Here's a high-level pseudocode outline:

1. Build a deep Q-network (DQN)
2. Use a replay buffer to store past experiences
3. Maintain a target network with delayed updates
4. Sample mini-batches from the replay buffer for training
5. Update network weights via gradient descent

Full implementation details are extensive; refer to RL frameworks for complete code.

## XI. Deep Q-Learning Variants

- **Double DQN**: mitigates overestimation bias
- **Prioritized Replay**: samples important experiences more frequently
- **Dueling DQN**: separates value and advantage streams for better estimation

These architectures improve stability and sample efficiency.

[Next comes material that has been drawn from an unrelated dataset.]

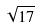Convert formula to latex. <formula><loc_0><loc_0><loc_500><loc_500>\sqrt { 1 7 }</formula> 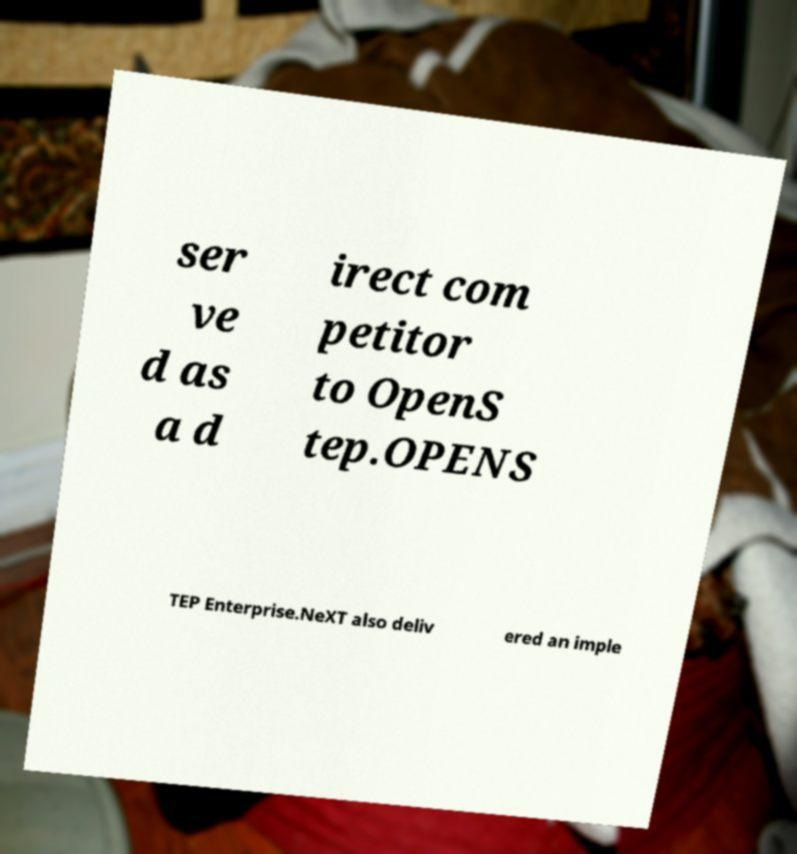There's text embedded in this image that I need extracted. Can you transcribe it verbatim? ser ve d as a d irect com petitor to OpenS tep.OPENS TEP Enterprise.NeXT also deliv ered an imple

## XII. The TF-Agents Library

TensorFlow Agents (TF-Agents) simplifies building RL pipelines.

### Installation

```bash
pip install tf-agents
```

### Setup Outline

```python
import tf_agents

# Define environment, agent, replay buffer, data collection, training loop, etc.
```

TF-Agents handles the heavy lifting for training deep RL agents across various environments.

## XIII. Overview of Popular Algorithms

- **Policy-based**: REINFORCE, PPO, A2C
- **Value-based**: DQN and its variants
- **Actor-Critic**: DDPG, SAC

Each has its strengths and suited environments.

## XIV. Exercises to Try

1. Implement **REINFORCE** on CartPole.
2. Build a **DQN** from scratch using Gym.
3. Compare **Double DQN** vs vanilla DQN.
4. Train a DQN agent with **Atari games** using TF-Agents.
5. Experiment with **Deep Deterministic Policy Gradient (DDPG)** in continuous control tasks.

Feel free to explore and expand on these ideas!